What is Bing Citation Share?
Citation Share is the percentage of citations attributed to your site out of all citations shown across all sites for the same grounding query. It is an observational visibility metric, not a ranking, quality score or estimate of traffic.
Is Citation Share the same as AI share of voice?
No. Bing Citation Share uses citation activity for a specific grounding query in Bing’s supported data. A paid platform’s share of voice is usually based on mentions, citations or positions across its selected prompts and AI engines. Always check the denominator.
Why does Bing show a grounding query without a clear cited URL?
The grounding-query and page-level views are separate, and exports may not provide a direct row-by-row mapping. Use page-level citation activity, the query topic and your content inventory to identify the likely page, then validate it through monitored answers where possible.
Is Bing Webmaster Tools enough for AI visibility monitoring?
It is enough to establish a valuable Microsoft citation baseline. It is not enough for cross-engine competitor tracking, brand sentiment, recommendation monitoring or controlled prompts across ChatGPT, Gemini, Perplexity, Claude and Google AI surfaces.
How often should AI visibility be reviewed?
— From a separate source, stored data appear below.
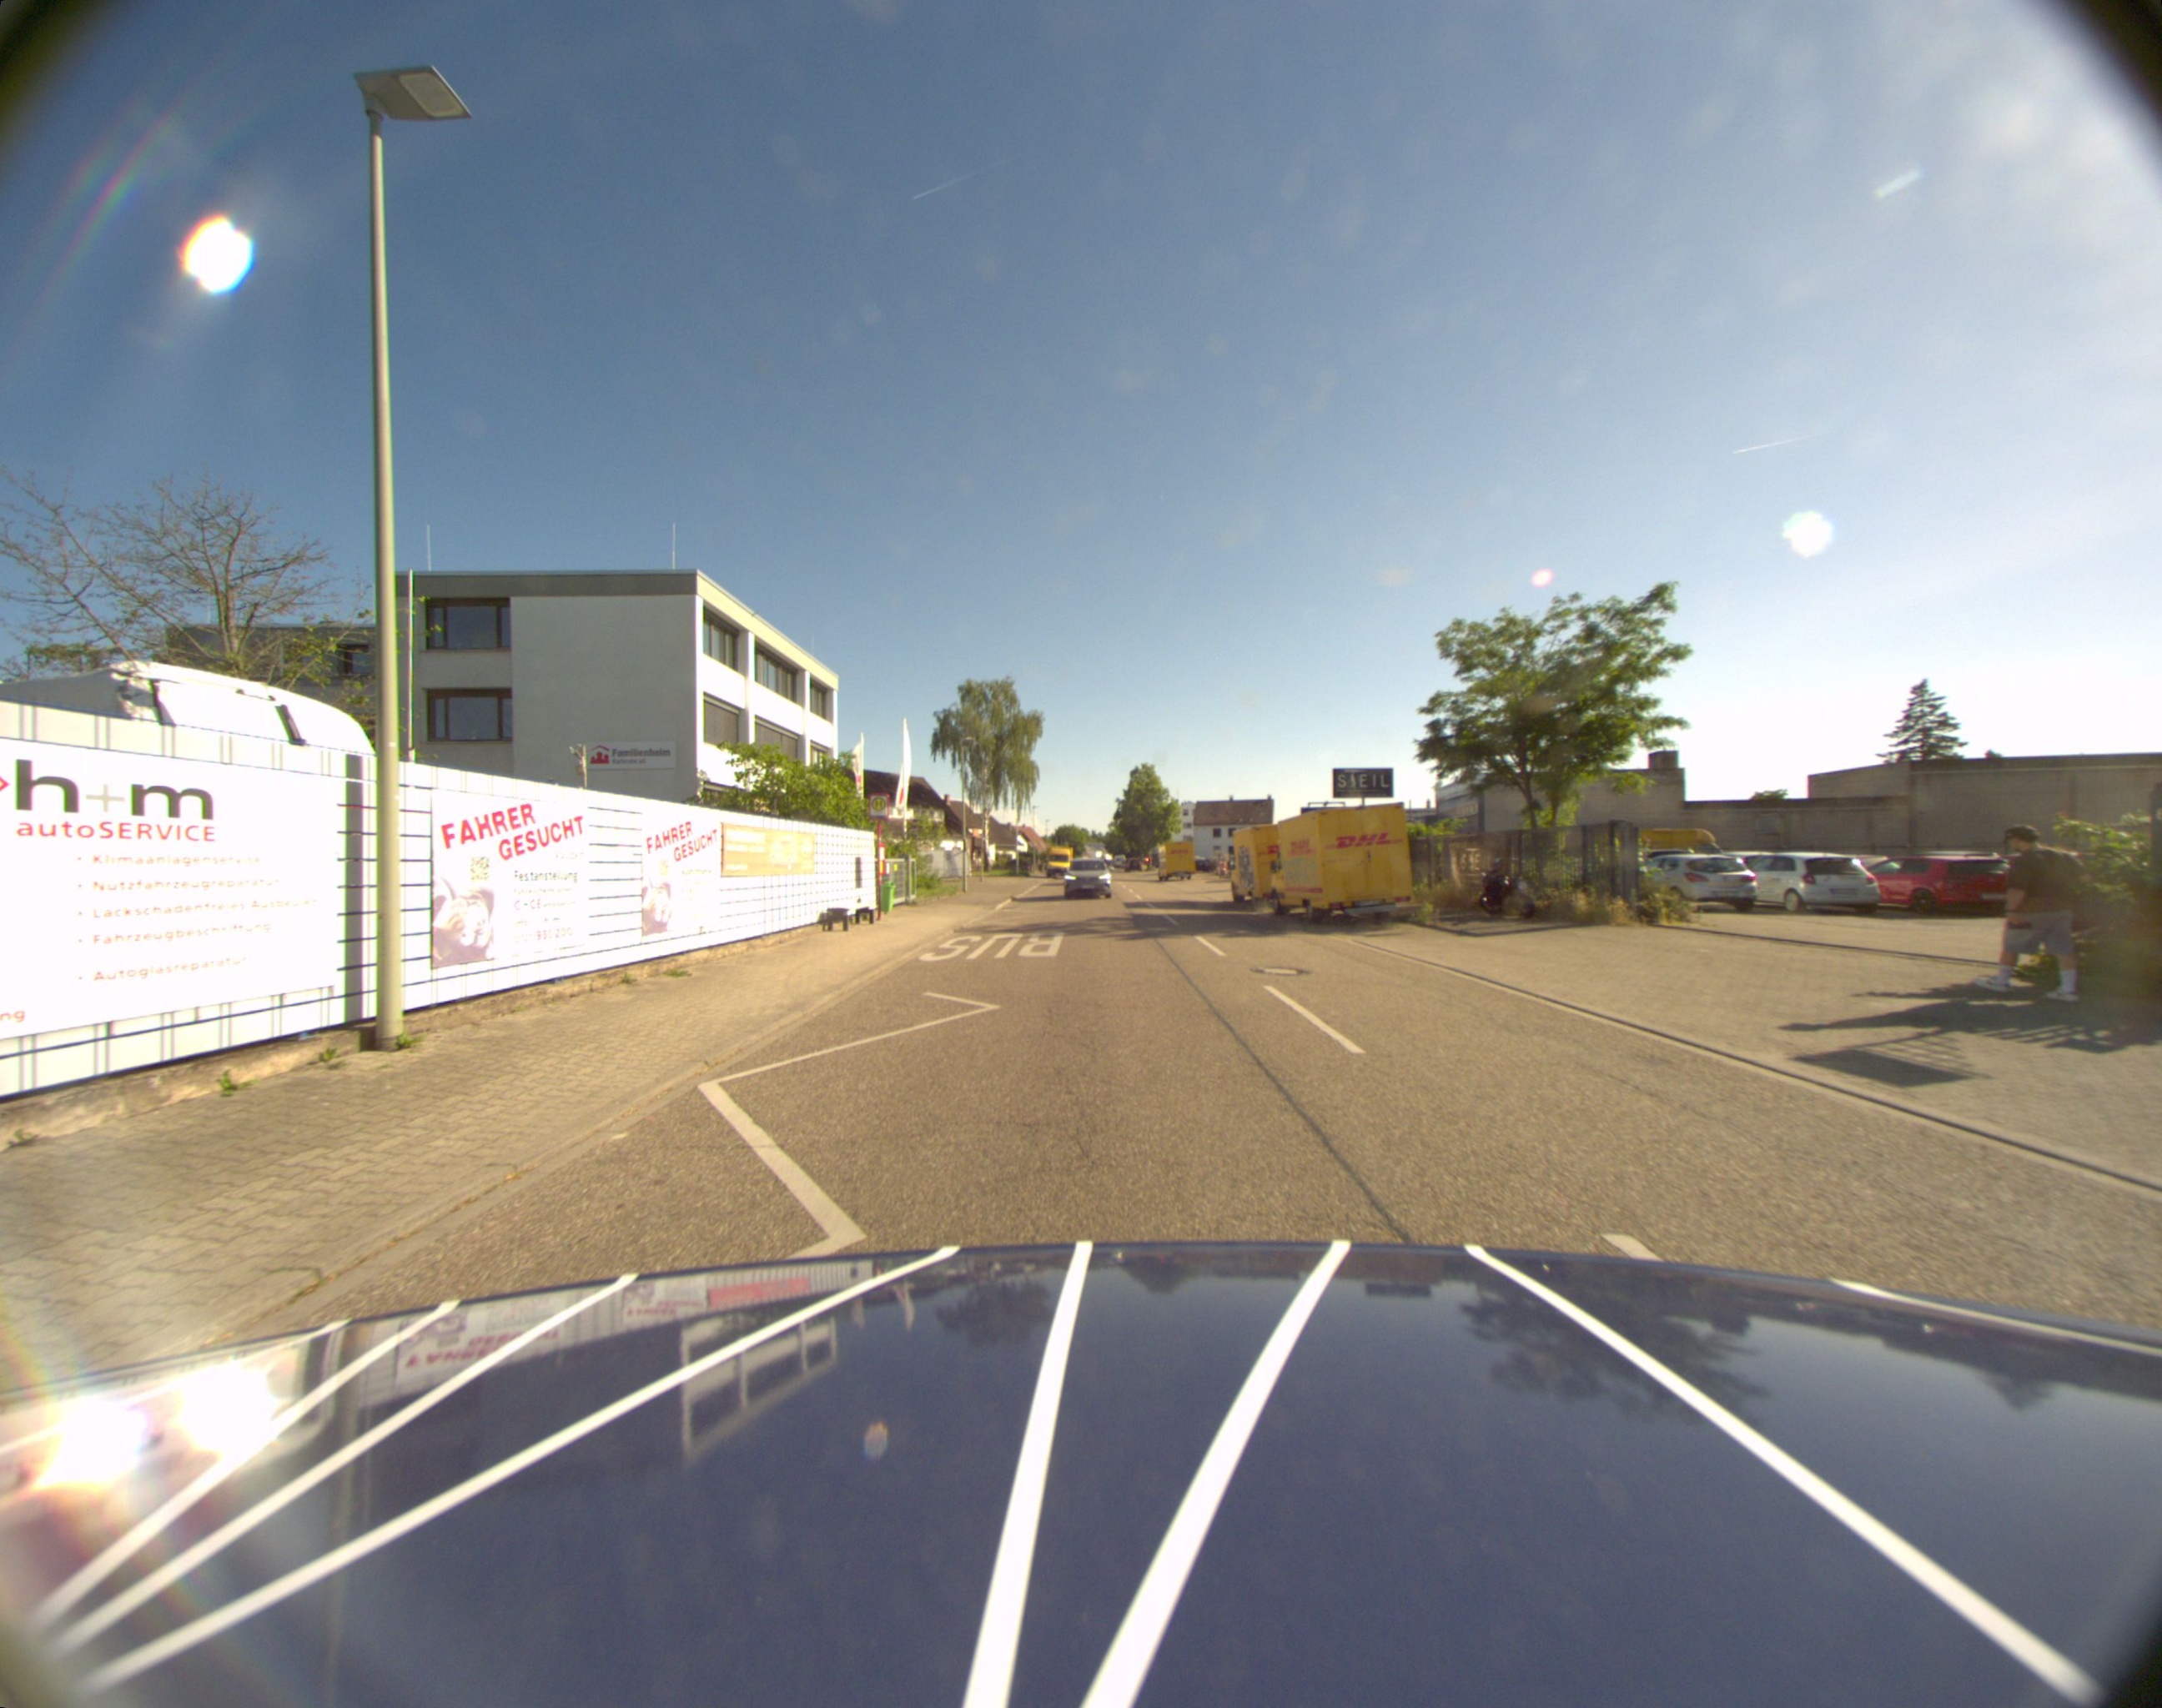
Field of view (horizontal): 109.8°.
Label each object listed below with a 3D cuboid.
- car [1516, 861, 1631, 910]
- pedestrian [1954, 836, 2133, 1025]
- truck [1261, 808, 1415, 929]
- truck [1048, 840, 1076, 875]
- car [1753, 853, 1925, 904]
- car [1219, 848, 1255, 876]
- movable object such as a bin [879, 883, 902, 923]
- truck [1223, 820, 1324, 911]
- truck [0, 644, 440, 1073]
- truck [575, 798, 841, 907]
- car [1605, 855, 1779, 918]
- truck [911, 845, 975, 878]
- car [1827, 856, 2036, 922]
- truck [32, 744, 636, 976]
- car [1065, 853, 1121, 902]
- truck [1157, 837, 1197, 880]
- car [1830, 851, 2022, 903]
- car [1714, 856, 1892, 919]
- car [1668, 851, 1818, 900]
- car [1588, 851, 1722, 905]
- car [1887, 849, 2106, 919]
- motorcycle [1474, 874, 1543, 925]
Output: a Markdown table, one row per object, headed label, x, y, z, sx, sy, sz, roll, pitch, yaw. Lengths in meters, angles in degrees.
| label | x | y | z | sx | sy | sz | roll | pitch | yaw |
| --- | --- | --- | --- | --- | --- | --- | --- | --- | --- |
| car | 17.000 | 1.020 | 26.489 | 1.851 | 1.435 | 4.002 | 1 | 1 | 9 |
| pedestrian | 9.429 | 0.711 | 7.473 | 0.821 | 1.733 | 0.751 | -2 | 1 | -6 |
| truck | 6.606 | 0.308 | 20.397 | 2.173 | 2.698 | 5.749 | -2 | 1 | 1 |
| truck | -1.683 | 0.302 | 68.427 | 2.286 | 3.012 | 5.749 | 0 | 1 | 1 |
| car | 24.664 | 0.738 | 24.963 | 1.975 | 1.435 | 4.002 | 1 | 1 | 9 |
| car | 11.966 | 0.610 | 58.481 | 1.998 | 2.002 | 4.000 | -2 | 1 | 2 |
| movable object such as a bin | -4.675 | 1.207 | 18.681 | 0.383 | 0.950 | 0.567 | 0 | 0 | 4 |
| truck | 6.698 | 0.353 | 27.239 | 2.145 | 2.857 | 5.749 | -2 | 0 | 1 |
| truck | -9.396 | 0.039 | 6.341 | 6.238 | 2.800 | 2.381 | 0 | 0 | 4 |
| truck | -10.160 | -0.032 | 21.046 | 6.238 | 2.800 | 2.381 | 0 | 0 | 4 |
| car | 16.680 | 0.818 | 21.039 | 1.975 | 1.435 | 4.002 | 1 | 1 | 9 |
| truck | -10.439 | 0.563 | 57.466 | 4.394 | 2.451 | 1.996 | 0 | 0 | -24 |
| car | 21.778 | 0.818 | 19.723 | 1.647 | 1.521 | 4.004 | 0 | 0 | 14 |
| truck | -9.961 | 0.078 | 10.545 | 6.238 | 2.800 | 2.381 | 0 | 0 | 4 |
| car | 0.441 | 0.875 | 30.093 | 1.999 | 1.750 | 5.015 | -1 | 0 | 0 |
| truck | 7.312 | 0.303 | 58.274 | 2.286 | 3.012 | 5.910 | -2 | 1 | 1 |
| car | 26.771 | 0.665 | 24.311 | 1.975 | 1.435 | 4.002 | 1 | 1 | 9 |
| car | 19.351 | 0.816 | 20.635 | 1.648 | 1.521 | 4.004 | 0 | 0 | 12 |
| car | 22.261 | 0.658 | 25.792 | 1.975 | 1.435 | 4.002 | 1 | 1 | 9 |
| car | 19.589 | 0.746 | 26.196 | 1.975 | 1.630 | 4.002 | 1 | 1 | 9 |
| car | 23.875 | 0.710 | 20.080 | 1.647 | 1.675 | 4.004 | 0 | 0 | 14 |
| motorcycle | 10.090 | 1.048 | 18.001 | 0.537 | 1.051 | 2.070 | -3 | 0 | 4 |
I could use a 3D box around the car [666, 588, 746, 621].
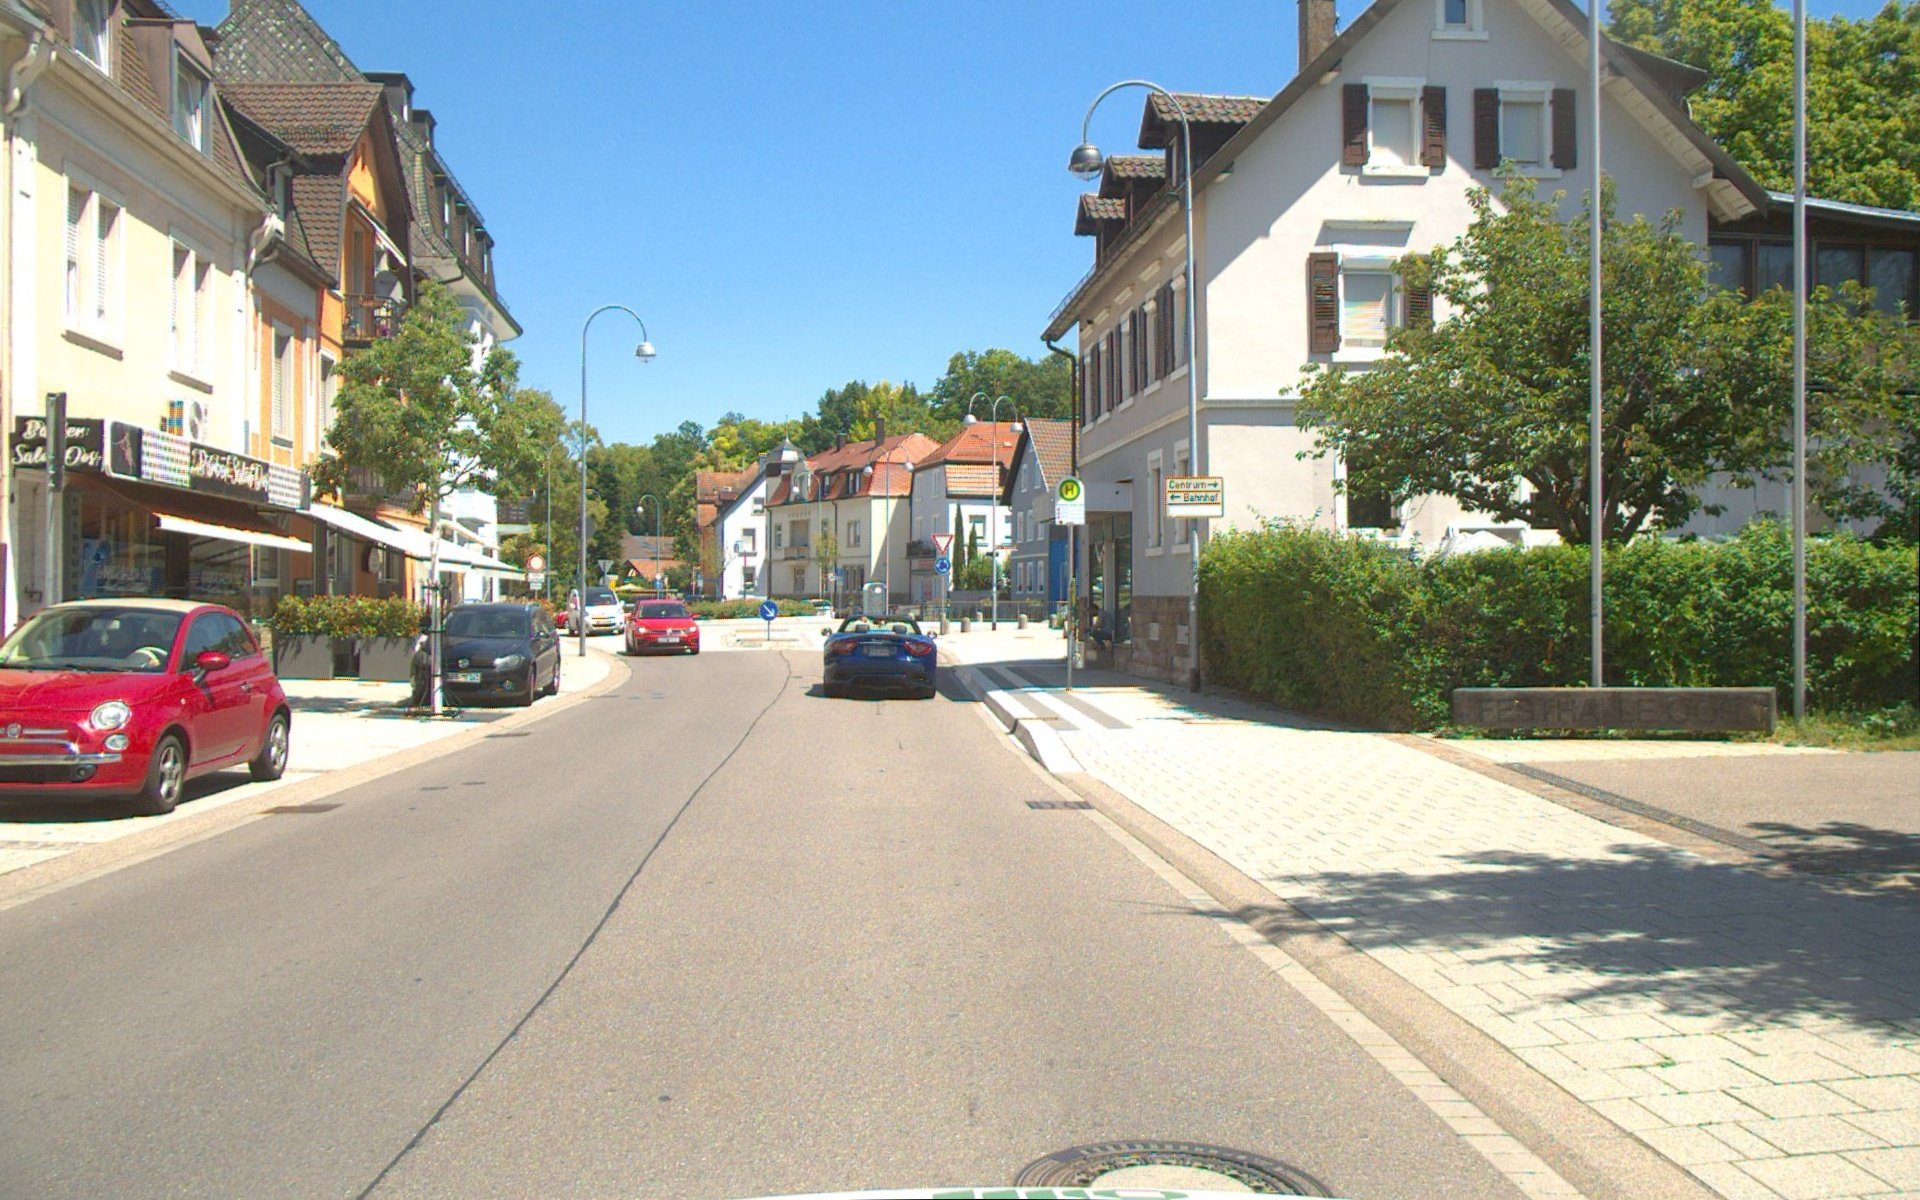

Monthly review is appropriate for most sites. Weekly review is useful for active product categories, agencies and fast-moving reputation work. Daily monitoring should be limited to a small set of high-value prompts because normal answer variation can create noise.
Does being cited mean an AI platform recommends my brand?
No. A page can be cited as evidence while the answer recommends another company. Track citations, brand mentions, answer framing and recommendation position separately.
Verdict
The strongest AI search visibility stack begins with Bing Webmaster Tools, not another subscription. Its AI Performance report supplies free first-party evidence about citations, grounding queries, intent, topics, relative share and change over time. That is the baseline most monitoring strategies were missing.
Paid tools become valuable when the question moves beyond Microsoft: Which competitors are being recommended across other engines? Which domains shape those answers? How does visibility change by country, persona or funnel stage? Which prompt set should be monitored every day?
For enterprise programmes, Profound offers the deepest strategic layer. Peec AI is the cleanest fit for agencies and B2B teams. Ahrefs Brand Radar is strongest for search-backed discovery and classic SEO context. Semrush suits teams that want one reporting and research suite. Otterly.AI is the most proportionate paid companion for smaller publishers.
The practical rule is simple: use Bing to find where you already participate in the citation ecosystem, use a paid tool to reveal the missing competitive context, then change a specific page or source signal. Visibility reporting becomes useful only when it leads to a better decision.